::: RECORDS

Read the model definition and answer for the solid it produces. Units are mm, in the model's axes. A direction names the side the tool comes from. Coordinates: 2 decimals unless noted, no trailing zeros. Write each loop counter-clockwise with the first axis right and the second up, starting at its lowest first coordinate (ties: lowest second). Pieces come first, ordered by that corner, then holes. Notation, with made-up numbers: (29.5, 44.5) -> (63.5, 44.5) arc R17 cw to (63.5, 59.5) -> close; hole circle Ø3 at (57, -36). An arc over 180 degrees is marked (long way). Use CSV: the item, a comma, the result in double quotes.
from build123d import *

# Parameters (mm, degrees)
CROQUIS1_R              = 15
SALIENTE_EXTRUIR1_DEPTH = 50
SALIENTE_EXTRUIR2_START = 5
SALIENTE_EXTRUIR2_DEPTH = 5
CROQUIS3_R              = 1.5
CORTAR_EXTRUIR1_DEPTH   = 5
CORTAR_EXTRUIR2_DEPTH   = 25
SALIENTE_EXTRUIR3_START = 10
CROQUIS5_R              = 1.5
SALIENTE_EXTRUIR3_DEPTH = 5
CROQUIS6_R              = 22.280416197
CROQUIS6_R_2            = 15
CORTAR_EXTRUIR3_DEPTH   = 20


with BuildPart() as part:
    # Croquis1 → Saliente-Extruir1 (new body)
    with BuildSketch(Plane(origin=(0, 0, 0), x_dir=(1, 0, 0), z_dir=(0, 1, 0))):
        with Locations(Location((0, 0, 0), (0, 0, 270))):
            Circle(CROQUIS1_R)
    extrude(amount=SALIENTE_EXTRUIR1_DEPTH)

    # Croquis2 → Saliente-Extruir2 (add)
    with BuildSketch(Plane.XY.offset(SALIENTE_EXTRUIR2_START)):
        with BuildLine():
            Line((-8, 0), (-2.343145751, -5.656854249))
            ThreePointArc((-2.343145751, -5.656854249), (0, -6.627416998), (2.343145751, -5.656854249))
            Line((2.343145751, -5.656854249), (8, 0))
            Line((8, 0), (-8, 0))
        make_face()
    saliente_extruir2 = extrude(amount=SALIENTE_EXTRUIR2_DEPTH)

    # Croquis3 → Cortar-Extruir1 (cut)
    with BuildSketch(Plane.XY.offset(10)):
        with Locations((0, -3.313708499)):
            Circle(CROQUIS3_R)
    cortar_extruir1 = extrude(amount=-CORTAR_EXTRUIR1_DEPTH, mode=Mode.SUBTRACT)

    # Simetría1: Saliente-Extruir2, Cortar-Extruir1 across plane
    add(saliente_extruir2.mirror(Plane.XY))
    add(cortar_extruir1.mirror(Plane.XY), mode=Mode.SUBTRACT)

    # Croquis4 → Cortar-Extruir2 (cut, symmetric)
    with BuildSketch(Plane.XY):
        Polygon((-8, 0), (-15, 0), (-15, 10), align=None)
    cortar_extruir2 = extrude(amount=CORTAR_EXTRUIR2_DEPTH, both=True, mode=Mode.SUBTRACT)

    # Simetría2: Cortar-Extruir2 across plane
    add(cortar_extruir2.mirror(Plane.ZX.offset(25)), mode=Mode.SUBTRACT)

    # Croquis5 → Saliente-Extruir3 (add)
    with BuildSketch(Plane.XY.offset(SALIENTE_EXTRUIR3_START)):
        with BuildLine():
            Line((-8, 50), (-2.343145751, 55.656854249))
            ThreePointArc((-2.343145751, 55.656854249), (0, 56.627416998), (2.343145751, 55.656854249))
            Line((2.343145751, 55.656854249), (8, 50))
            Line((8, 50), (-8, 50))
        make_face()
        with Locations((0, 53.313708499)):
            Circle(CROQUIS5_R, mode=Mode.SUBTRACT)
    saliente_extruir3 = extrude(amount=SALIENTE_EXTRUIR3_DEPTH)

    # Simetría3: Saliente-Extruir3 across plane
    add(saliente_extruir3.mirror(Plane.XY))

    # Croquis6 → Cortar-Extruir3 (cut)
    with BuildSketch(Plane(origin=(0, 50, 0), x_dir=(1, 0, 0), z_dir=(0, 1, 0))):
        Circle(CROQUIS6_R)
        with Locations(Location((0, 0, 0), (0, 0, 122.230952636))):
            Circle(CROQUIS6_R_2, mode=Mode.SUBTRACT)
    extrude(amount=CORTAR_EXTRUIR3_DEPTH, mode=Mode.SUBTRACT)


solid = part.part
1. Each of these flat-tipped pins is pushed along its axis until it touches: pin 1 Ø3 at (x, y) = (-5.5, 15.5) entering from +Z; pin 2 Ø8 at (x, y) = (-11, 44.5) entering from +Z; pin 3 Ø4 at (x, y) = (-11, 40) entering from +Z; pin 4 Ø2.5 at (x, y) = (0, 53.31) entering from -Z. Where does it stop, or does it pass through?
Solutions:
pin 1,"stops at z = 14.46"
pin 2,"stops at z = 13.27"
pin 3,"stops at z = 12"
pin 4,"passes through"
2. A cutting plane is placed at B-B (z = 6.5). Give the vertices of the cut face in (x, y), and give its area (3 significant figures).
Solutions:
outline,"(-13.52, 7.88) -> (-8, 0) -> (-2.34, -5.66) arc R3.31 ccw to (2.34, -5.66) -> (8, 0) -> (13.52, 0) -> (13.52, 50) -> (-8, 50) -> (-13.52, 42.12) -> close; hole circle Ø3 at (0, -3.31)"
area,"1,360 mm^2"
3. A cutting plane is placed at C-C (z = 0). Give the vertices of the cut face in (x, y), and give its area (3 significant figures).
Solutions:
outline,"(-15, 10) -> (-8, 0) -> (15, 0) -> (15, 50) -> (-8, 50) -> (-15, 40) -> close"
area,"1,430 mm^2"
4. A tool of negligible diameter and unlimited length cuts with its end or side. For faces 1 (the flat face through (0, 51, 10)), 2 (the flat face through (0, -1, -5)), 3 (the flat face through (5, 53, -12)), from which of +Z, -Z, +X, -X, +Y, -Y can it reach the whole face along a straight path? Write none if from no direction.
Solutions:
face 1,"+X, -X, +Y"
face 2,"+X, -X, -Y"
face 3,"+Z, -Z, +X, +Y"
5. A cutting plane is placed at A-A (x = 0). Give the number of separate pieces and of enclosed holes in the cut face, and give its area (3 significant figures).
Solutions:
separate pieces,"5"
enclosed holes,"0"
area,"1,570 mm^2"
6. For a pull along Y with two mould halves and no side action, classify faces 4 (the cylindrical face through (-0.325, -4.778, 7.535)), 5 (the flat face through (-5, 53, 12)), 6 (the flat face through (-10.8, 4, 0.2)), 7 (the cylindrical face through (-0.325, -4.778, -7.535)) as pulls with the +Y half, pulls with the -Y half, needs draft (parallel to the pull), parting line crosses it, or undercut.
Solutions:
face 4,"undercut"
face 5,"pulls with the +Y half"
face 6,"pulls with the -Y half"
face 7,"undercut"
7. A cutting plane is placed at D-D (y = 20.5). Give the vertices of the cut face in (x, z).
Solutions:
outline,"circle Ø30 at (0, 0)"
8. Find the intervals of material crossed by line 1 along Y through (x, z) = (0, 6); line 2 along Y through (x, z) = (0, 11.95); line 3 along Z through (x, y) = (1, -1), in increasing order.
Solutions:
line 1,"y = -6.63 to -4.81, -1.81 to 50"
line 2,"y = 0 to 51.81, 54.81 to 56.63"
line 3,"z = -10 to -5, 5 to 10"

::::::

ABOUT THIS EXERCISE — Pick every line of the data that includes the string "mirror".

TASK SOLUTION —
    add(saliente_extruir2.mirror(Plane.XY))
    add(cortar_extruir1.mirror(Plane.XY), mode=Mode.SUBTRACT)
    add(cortar_extruir2.mirror(Plane.ZX.offset(25)), mode=Mode.SUBTRACT)
    add(saliente_extruir3.mirror(Plane.XY))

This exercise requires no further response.